Assugrin is a brand name for a sugar substitute that is a blend of cyclamate and saccharin. Produced in Switzerland by MCM Klosterfrau Vertriebsgesellschaft, Assugrin was the main table sweetener in West Germany.

==History==

Cyclamate sugar substitute was discovered in 1937 by two American chemists and tested over the subsequent twenty years. After cyclamate was declared safe for consumption in the mid-1950s, the Hermes Company announced their new product, Assugrin, in 1954. More than a decade later, in 1965, Hermes company came up with a mixture of saccharin and cyclamate. It was later introduced to the market under the brand name Assugrin. In that same year, aspartame was discovered. Aspartame was introduced into the Assugrin brand as Assugrin Gold.

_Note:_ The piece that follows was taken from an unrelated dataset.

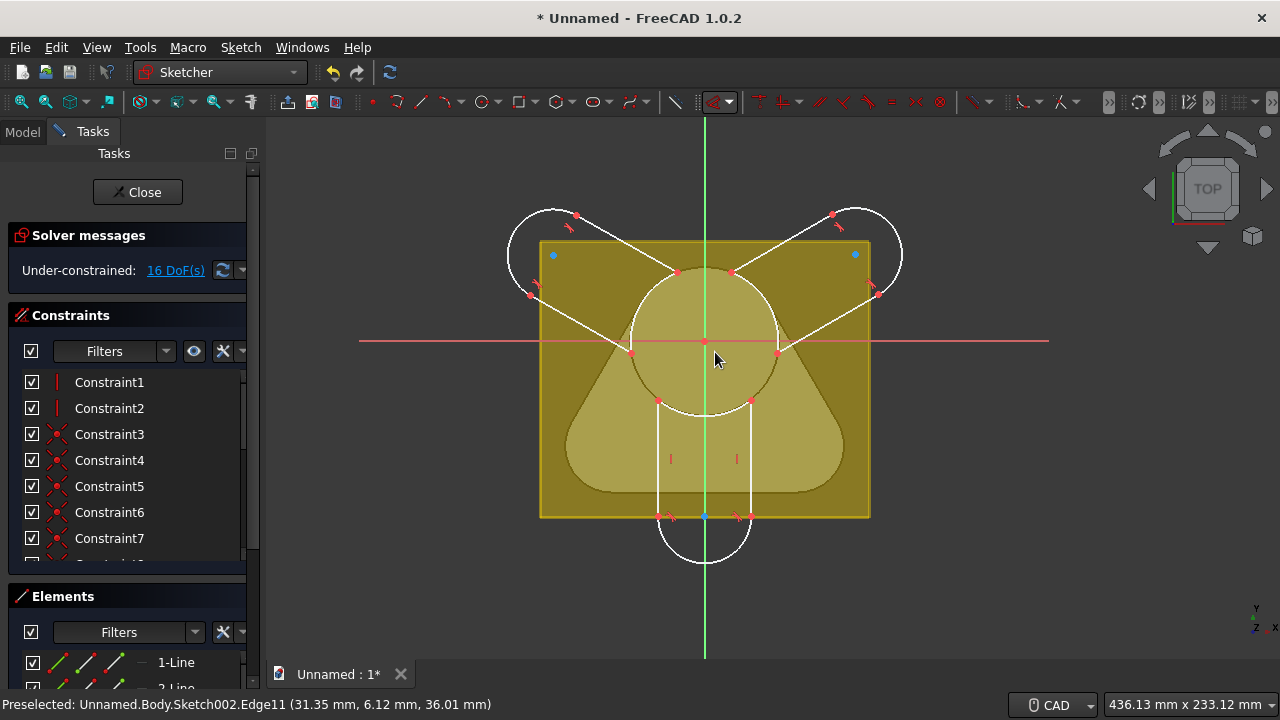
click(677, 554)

In 1987, orange and lemon varieties were added to the West German low-calorie soft drink Assugrin Exquisit. In 1990, Albi launched Assugrin Aktiv (Iso-Mineral-Fitness-Drink), a reduced calorie sports drink. Hermes Sweeteners Ltd introduced Assugrin Light blended sweetener as a "special diet food" in 1995.

In 2002, the Assugrin brand was introduced in Brazil through a new dietetic sweetener made with saccharin, water, artificial sweeteners, and sodium cyclamate.

In 2003, Swiss sweeteners producer Hermes Edulcorants, headquartered in Zurich, generated 67 million Swiss francs ($53.2 million/€44.4 million) for 2003. Their brand, the Assugrin sweetener, was being sold in about 100 countries, but mainly in Switzerland, Germany, and Austria. Assugrin also has a presence in Spain and Brazil.